### What to do
Reproduce exactly, from the data that follows, the line with "5. sneaker <box>584,78,639,192</box>", the line with "9. dvd box set <box>207,0,571,223</box>", and every line that lies between them.

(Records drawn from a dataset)
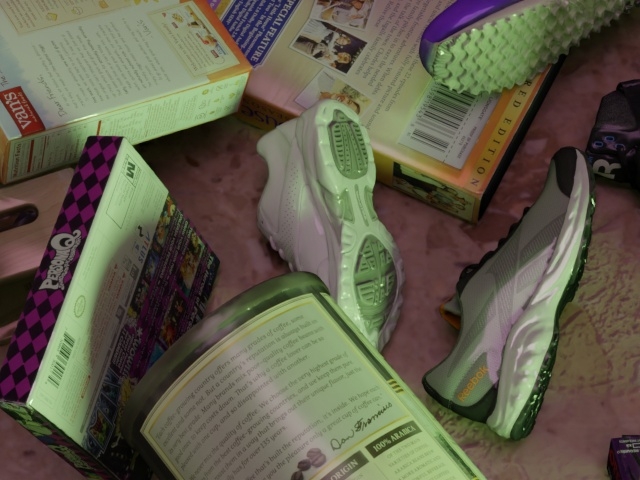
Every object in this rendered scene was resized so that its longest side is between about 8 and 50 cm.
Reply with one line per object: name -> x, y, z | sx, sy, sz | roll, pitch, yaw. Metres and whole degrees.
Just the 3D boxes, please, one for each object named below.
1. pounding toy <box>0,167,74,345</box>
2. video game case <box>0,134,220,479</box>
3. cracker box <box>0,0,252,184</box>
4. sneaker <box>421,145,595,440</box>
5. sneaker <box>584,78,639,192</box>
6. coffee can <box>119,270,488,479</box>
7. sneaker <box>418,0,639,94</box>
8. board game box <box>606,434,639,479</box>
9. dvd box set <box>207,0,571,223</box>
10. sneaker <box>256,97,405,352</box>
pounding toy -> -0.279, 0.004, 1.260 | 0.181, 0.206, 0.094 | -17, 65, -7
video game case -> -0.164, 0.067, 1.228 | 0.042, 0.210, 0.232 | 5, 64, 23
cracker box -> -0.198, -0.154, 1.309 | 0.232, 0.067, 0.156 | -19, 63, -29
sneaker -> 0.168, 0.031, 1.303 | 0.108, 0.100, 0.271 | 17, 66, 14
sneaker -> 0.294, -0.047, 1.354 | 0.121, 0.079, 0.217 | -2, 56, 3
coffee can -> 0.006, 0.190, 1.169 | 0.201, 0.201, 0.275 | -35, 69, -15
sneaker -> 0.187, -0.244, 1.370 | 0.293, 0.102, 0.146 | -30, 62, -20
board game box -> 0.417, 0.230, 1.194 | 0.346, 0.056, 0.208 | -5, 48, -2
dvd box set -> 0.026, -0.229, 1.448 | 0.420, 0.062, 0.308 | 24, 67, 12
sneaker -> 0.000, 0.000, 1.335 | 0.115, 0.090, 0.232 | -17, 78, 40
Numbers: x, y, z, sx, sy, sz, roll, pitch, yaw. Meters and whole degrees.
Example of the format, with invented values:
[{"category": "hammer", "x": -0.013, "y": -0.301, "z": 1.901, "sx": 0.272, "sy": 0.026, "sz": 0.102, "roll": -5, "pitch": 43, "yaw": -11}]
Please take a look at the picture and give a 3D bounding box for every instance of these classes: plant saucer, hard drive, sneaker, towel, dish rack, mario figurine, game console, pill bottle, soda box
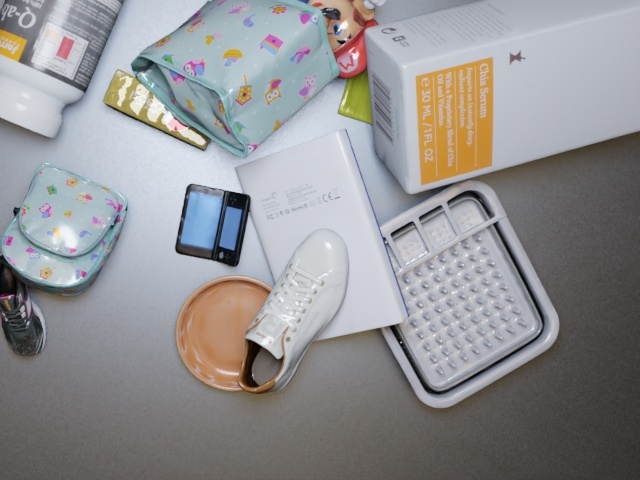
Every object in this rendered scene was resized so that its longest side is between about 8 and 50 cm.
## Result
[{"category": "plant saucer", "x": -0.143, "y": 0.154, "z": 1.461, "sx": 0.200, "sy": 0.037, "sz": 0.200, "roll": 0, "pitch": 98, "yaw": -2}, {"category": "hard drive", "x": 0.000, "y": 0.000, "z": 1.421, "sx": 0.210, "sy": 0.040, "sz": 0.318, "roll": -16, "pitch": 97, "yaw": 31}, {"category": "sneaker", "x": -0.500, "y": 0.105, "z": 1.401, "sx": 0.072, "sy": 0.077, "sz": 0.178, "roll": -17, "pitch": 96, "yaw": -5}, {"category": "towel", "x": 0.156, "y": -0.231, "z": 1.491, "sx": 0.237, "sy": 0.021, "sz": 0.102, "roll": 17, "pitch": 91, "yaw": -8}, {"category": "dish rack", "x": 0.225, "y": 0.090, "z": 1.495, "sx": 0.286, "sy": 0.072, "sz": 0.332, "roll": -30, "pitch": 96, "yaw": -5}, {"category": "mario figurine", "x": -0.014, "y": -0.408, "z": 1.378, "sx": 0.170, "sy": 0.198, "sz": 0.320, "roll": -26, "pitch": 92, "yaw": -17}, {"category": "game console", "x": -0.179, "y": -0.026, "z": 1.439, "sx": 0.071, "sy": 0.107, "sz": 0.122, "roll": 9, "pitch": 93, "yaw": -36}, {"category": "sneaker", "x": -0.044, "y": 0.119, "z": 1.363, "sx": 0.106, "sy": 0.123, "sz": 0.290, "roll": 26, "pitch": 100, "yaw": 18}, {"category": "pill bottle", "x": -0.421, "y": -0.311, "z": 1.344, "sx": 0.162, "sy": 0.162, "sz": 0.278, "roll": 23, "pitch": 90, "yaw": -8}, {"category": "soda box", "x": -0.261, "y": -0.212, "z": 1.421, "sx": 0.181, "sy": 0.058, "sz": 0.061, "roll": 25, "pitch": 90, "yaw": -8}]

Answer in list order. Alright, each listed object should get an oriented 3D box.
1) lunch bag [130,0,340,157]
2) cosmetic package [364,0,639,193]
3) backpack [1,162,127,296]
[{"category": "lunch bag", "x": -0.141, "y": -0.279, "z": 1.343, "sx": 0.223, "sy": 0.262, "sz": 0.160, "roll": -45, "pitch": 142, "yaw": -19}, {"category": "cosmetic package", "x": 0.314, "y": -0.257, "z": 1.380, "sx": 0.453, "sy": 0.161, "sz": 0.230, "roll": -17, "pitch": 127, "yaw": -11}, {"category": "backpack", "x": -0.404, "y": -0.012, "z": 1.356, "sx": 0.166, "sy": 0.144, "sz": 0.188, "roll": 24, "pitch": 76, "yaw": -9}]
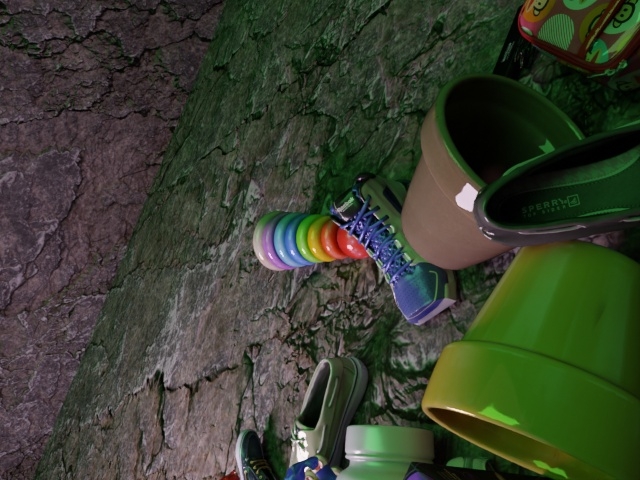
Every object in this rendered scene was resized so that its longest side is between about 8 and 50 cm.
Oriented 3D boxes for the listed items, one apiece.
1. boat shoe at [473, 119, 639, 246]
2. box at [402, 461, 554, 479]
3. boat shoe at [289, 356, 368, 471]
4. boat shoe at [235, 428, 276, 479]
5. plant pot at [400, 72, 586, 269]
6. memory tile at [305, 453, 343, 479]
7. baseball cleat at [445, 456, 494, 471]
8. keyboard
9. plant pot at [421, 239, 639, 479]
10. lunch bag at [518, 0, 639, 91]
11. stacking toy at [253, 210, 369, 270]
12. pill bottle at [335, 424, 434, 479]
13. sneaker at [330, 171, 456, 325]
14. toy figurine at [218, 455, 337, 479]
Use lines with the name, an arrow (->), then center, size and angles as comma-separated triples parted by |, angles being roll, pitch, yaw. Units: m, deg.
boat shoe -> 0.326, -0.065, 0.615 | 0.335, 0.095, 0.112 | -18, 83, 19
box -> 0.206, 0.354, 0.634 | 0.165, 0.270, 0.143 | 33, 102, 57
boat shoe -> -0.009, 0.355, 1.114 | 0.109, 0.094, 0.302 | 21, 91, 57
boat shoe -> -0.130, 0.490, 1.258 | 0.083, 0.065, 0.183 | -32, 54, 41
plant pot -> 0.232, -0.076, 0.877 | 0.229, 0.263, 0.263 | 125, 148, -52
memory tile -> 0.004, 0.467, 1.057 | 0.113, 0.012, 0.148 | 31, 103, 20
baseball cleat -> 0.211, 0.398, 0.792 | 0.109, 0.072, 0.206 | -22, 60, 42
keyboard -> 0.341, -0.320, 1.019 | 0.100, 0.038, 0.192 | -140, 70, -80
plant pot -> 0.278, 0.138, 0.693 | 0.254, 0.254, 0.239 | -1, 57, 56
lunch bag -> 0.443, -0.359, 0.810 | 0.293, 0.120, 0.258 | -58, 39, 21
stacking toy -> 0.000, 0.000, 1.273 | 0.330, 0.141, 0.141 | 0, 74, 49
pill bottle -> 0.097, 0.422, 0.863 | 0.160, 0.160, 0.283 | -22, 56, 49
sneaker -> 0.108, -0.006, 1.049 | 0.127, 0.182, 0.315 | -46, 40, 35
toy figurine -> 0.015, 0.482, 0.947 | 0.217, 0.362, 0.191 | -32, 8, -21

### The completed task
5. sneaker <box>584,78,639,192</box>
6. coffee can <box>119,270,488,479</box>
7. sneaker <box>418,0,639,94</box>
8. board game box <box>606,434,639,479</box>
9. dvd box set <box>207,0,571,223</box>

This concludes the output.